▸ Task to complete:
Every line of the entries that holds the word "roll" is to be copied.

Input records section start

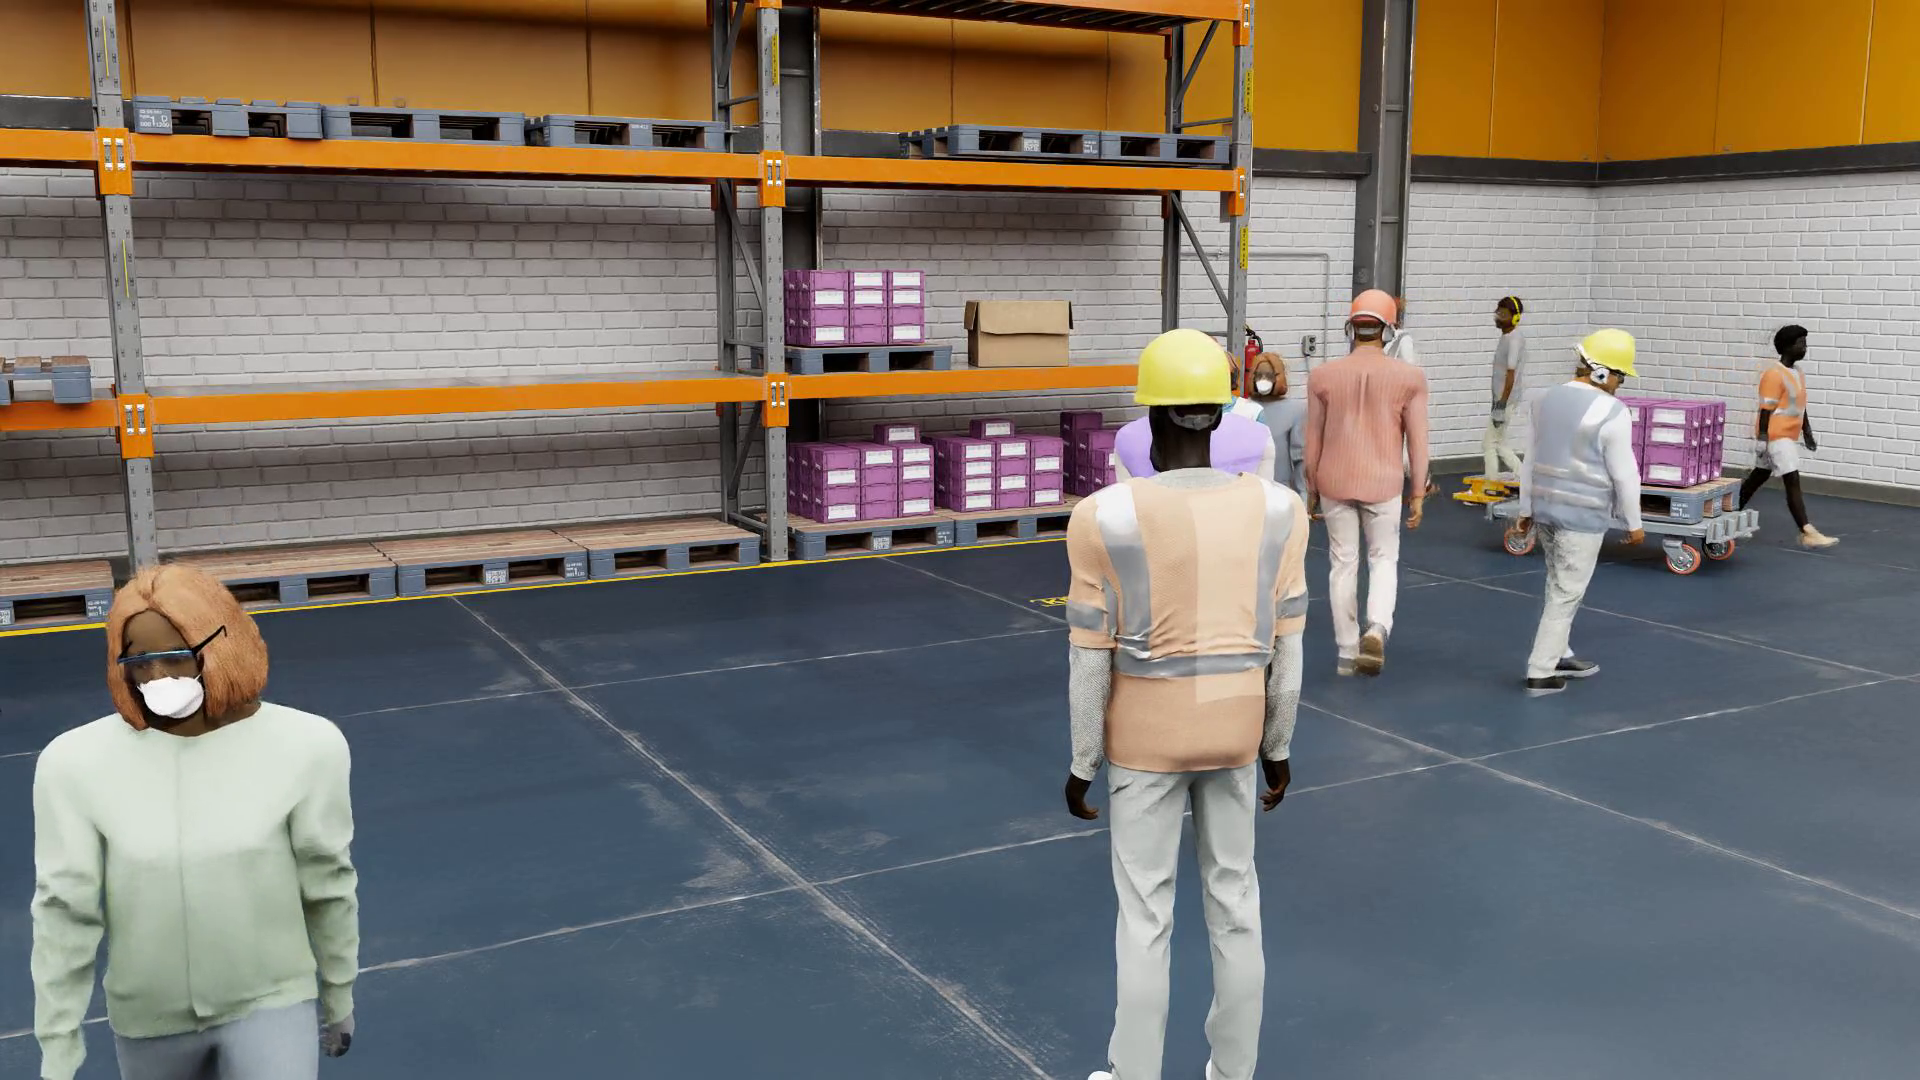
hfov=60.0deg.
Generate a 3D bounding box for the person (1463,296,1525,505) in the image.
[{"bbox_3d":[4.705,-1.180,14.336,0.603,1.822,0.593,3,10,16],"label":"person"}]

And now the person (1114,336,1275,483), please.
[{"bbox_3d":[0.825,0.189,5.911,0.567,1.848,0.389,1,9,6],"label":"person"}]

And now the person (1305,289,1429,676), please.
[{"bbox_3d":[2.014,-0.260,8.302,0.620,1.969,0.644,3,10,18],"label":"person"}]

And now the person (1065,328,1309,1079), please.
[{"bbox_3d":[0.525,0.468,3.960,0.587,1.930,0.359,-2,10,-13],"label":"person"}]

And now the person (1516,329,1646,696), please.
[{"bbox_3d":[3.023,-0.121,8.020,0.614,1.781,0.637,-3,10,-20],"label":"person"}]

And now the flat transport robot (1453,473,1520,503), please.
[{"bbox_3d":[5.066,-0.474,14.748,1.431,0.197,0.652,-8,12,-39],"label":"flat transport robot"}]

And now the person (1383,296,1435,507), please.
[{"bbox_3d":[3.667,-1.151,14.133,0.880,1.851,0.651,-4,10,-23],"label":"person"}]

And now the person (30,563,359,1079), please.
[{"bbox_3d":[-1.299,0.808,2.896,0.497,1.592,0.823,-2,10,-14],"label":"person"}]

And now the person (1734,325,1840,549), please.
[{"bbox_3d":[6.114,-0.774,12.374,0.886,1.646,0.542,8,12,41],"label":"person"}]

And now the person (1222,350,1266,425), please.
[{"bbox_3d":[1.369,-0.194,8.878,0.523,1.638,0.311,3,10,19],"label":"person"}]

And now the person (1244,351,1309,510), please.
[{"bbox_3d":[1.751,-0.279,9.502,0.511,1.618,0.674,5,10,26],"label":"person"}]
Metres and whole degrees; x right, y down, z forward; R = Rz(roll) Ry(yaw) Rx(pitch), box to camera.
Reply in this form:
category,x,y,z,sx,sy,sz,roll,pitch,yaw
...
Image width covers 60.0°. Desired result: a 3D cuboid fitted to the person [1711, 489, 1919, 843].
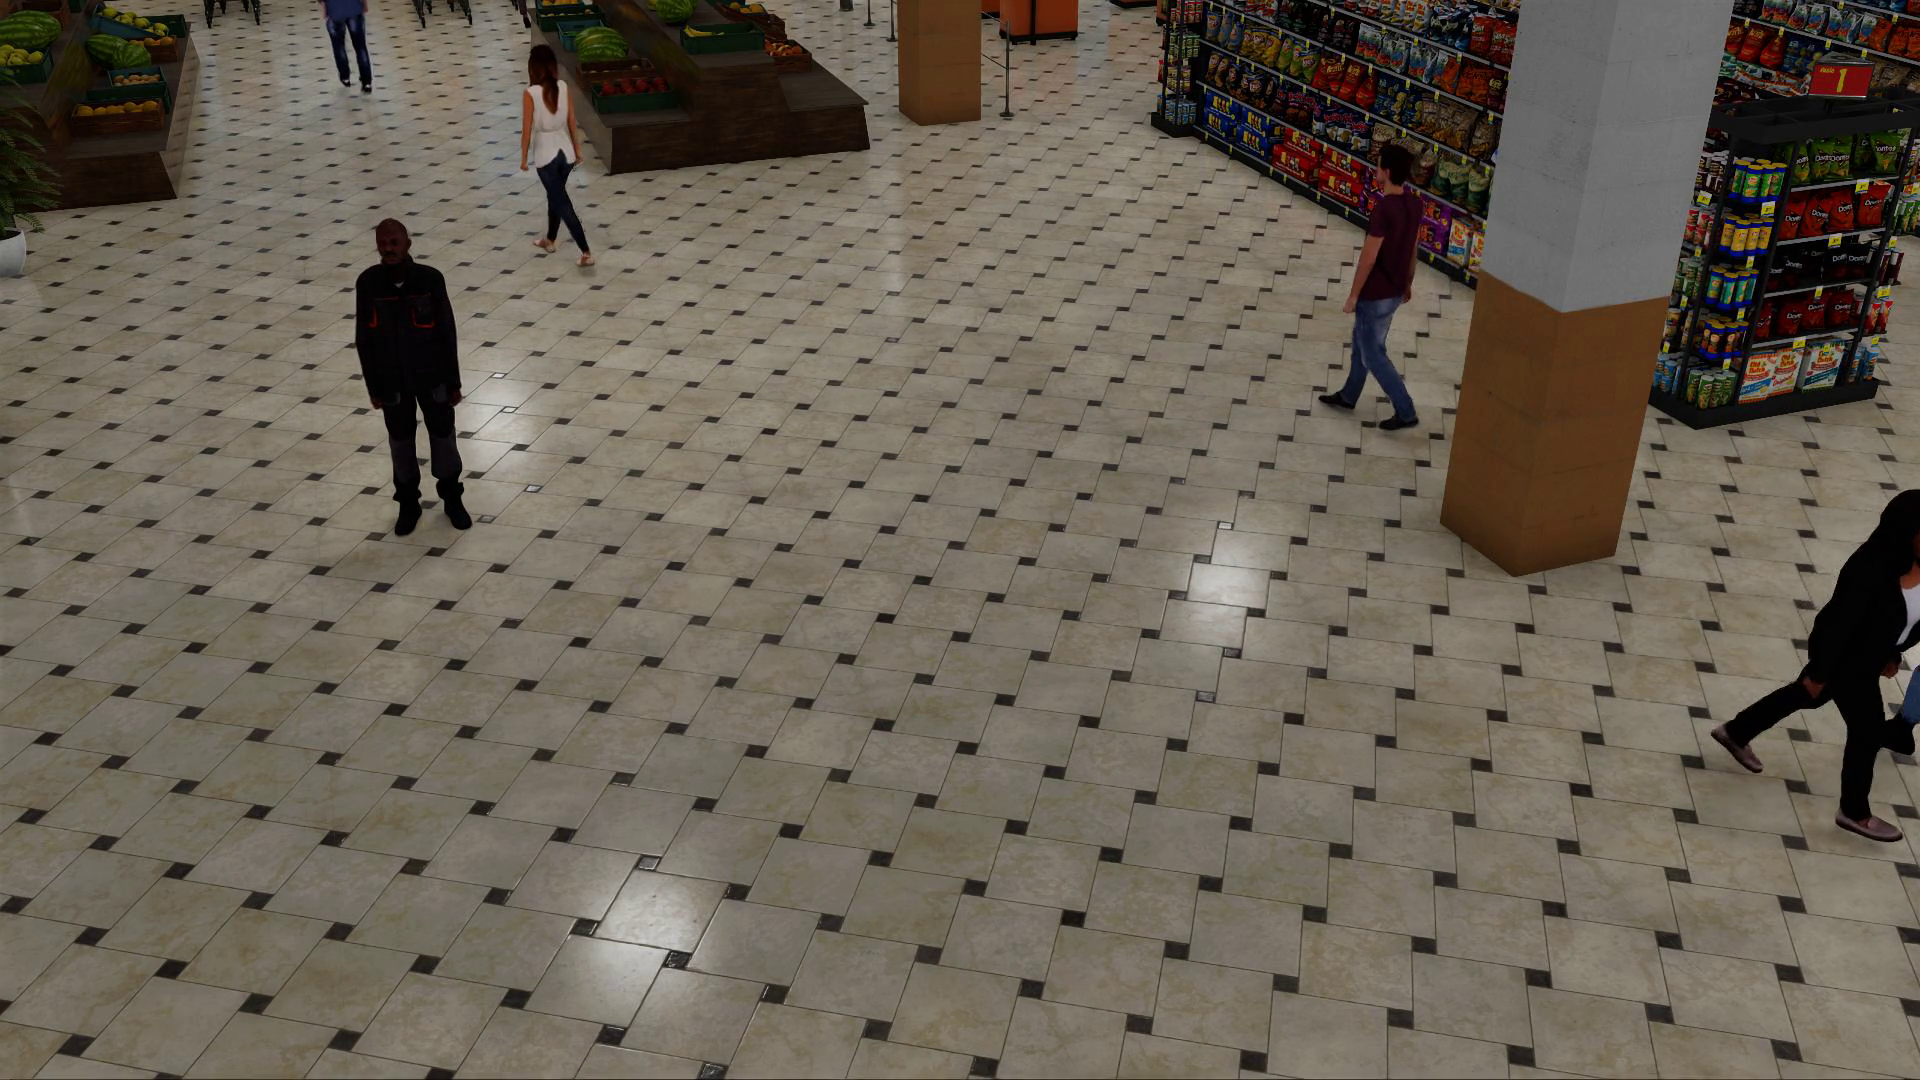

Input records section end

▸ Exercise answer:
Metres and whole degrees; x right, y down, z forward; R = Rz(roll) Ry(yaw) Rx(pitch), box to camera.
category,x,y,z,sx,sy,sz,roll,pitch,yaw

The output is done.